The team is finalizing this new framework with plans to share it with faculty across the college spring 2026. Feedback from faculty will help provide TLI with a useful peer-to-peer tool.
“Our hope is that this framework will support early-career faculty who want informal, low-stakes advice on their teaching from more experienced colleagues,” said Russell. “It will also allow early-career faculty to observe senior faculty and learn from their approaches. Importantly, it will extend to graduate teaching assistants and postdocs, offering them and their mentors a practical, accessible way to engage in ongoing teaching development.”
Building Excellence from Multiple Experiences
Just as not all class spaces are built the same, faculty members also thrive via their own unique approaches.

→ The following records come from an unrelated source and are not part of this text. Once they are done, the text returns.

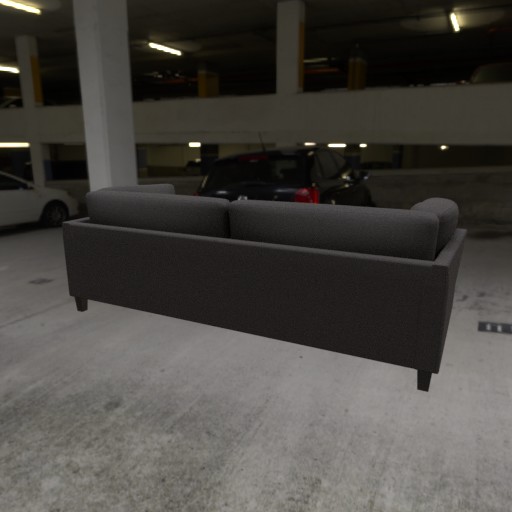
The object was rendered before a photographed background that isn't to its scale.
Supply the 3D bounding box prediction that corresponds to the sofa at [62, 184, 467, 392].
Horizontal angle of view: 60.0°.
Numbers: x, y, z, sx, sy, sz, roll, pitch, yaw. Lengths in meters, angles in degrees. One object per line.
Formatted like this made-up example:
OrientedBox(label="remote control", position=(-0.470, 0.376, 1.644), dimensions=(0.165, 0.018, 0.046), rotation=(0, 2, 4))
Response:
OrientedBox(label="sofa", position=(0.000, 0.000, 2.752), dimensions=(2.312, 0.792, 0.969), rotation=(7, 16, 26))
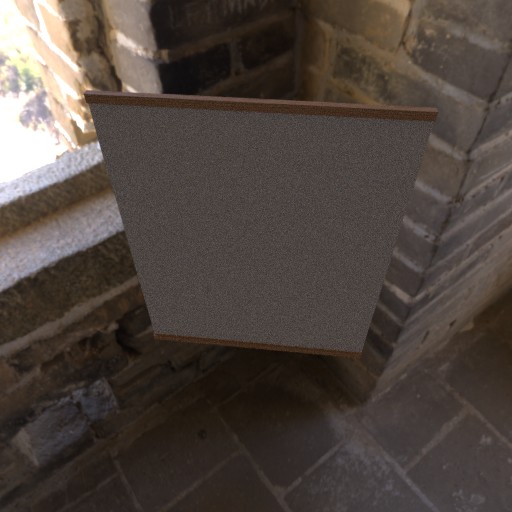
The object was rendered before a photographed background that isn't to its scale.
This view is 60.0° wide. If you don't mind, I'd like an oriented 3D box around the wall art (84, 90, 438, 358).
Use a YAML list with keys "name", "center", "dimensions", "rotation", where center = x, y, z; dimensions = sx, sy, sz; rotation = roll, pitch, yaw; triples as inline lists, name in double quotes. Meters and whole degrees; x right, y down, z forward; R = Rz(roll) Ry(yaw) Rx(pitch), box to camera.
- name: "wall art"
  center: [0.000, 0.000, 0.687]
  dimensions: [0.404, 0.507, 0.010]
  rotation: [4, 46, 4]
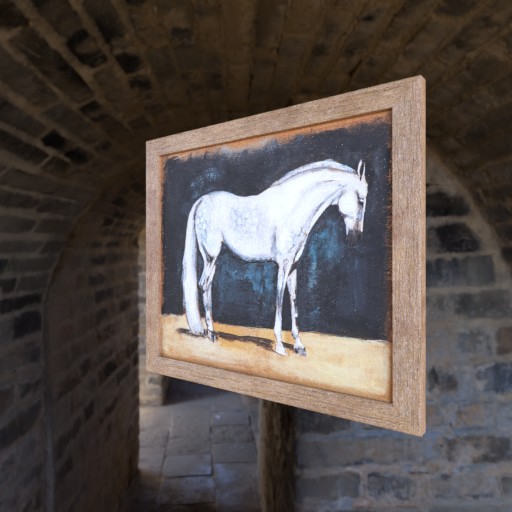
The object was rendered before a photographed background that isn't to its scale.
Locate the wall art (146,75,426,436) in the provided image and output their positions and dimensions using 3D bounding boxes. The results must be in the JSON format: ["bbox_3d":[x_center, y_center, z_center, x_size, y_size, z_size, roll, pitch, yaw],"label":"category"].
[{"bbox_3d":[0.000,0.000,0.937,0.690,0.588,0.026,0,0,37],"label":"wall art"}]

CATE brings together groups of instructors with multiple viewpoints to build a bigger picture of teaching excellence.
“What works in one person’s classroom doesn’t necessarily work in everyone’s classroom,” said Schussler. “Integrating the experiences of multiple individuals together is a real strength.”
CATE also draws from published literature on teaching and learning in higher education to balance practice with theory.
“As someone who focuses on biology education research as my disciplinary area, I know that for almost any instructional topic you want to know about, there is a paper that can inform your thinking,” said Schussler.
The CATE initiative led to a collaborative grant proposal that earned funding from the National Science Foundation, focusing on skills that enhance both teaching and research excellence for graduate students in natural sciences and mathematics. Ongoing projects continue into 2026, with one new project considering how reflection on teaching experiences can be used as a tool to improve practice. These focused projects —and the very conversations and collaborations guided by CATE—further strengthen the foundation for what the arts and sciences community offers students and each other.
“The opportunity to work together on teaching—not just faculty to faculty, but also faculty working with staff, committees, and other units—is a valuable reminder,” said Schussler. “When we pool our knowledge, we can advance not just teaching but also facilities and procedures that support teaching, and UT is better for it.”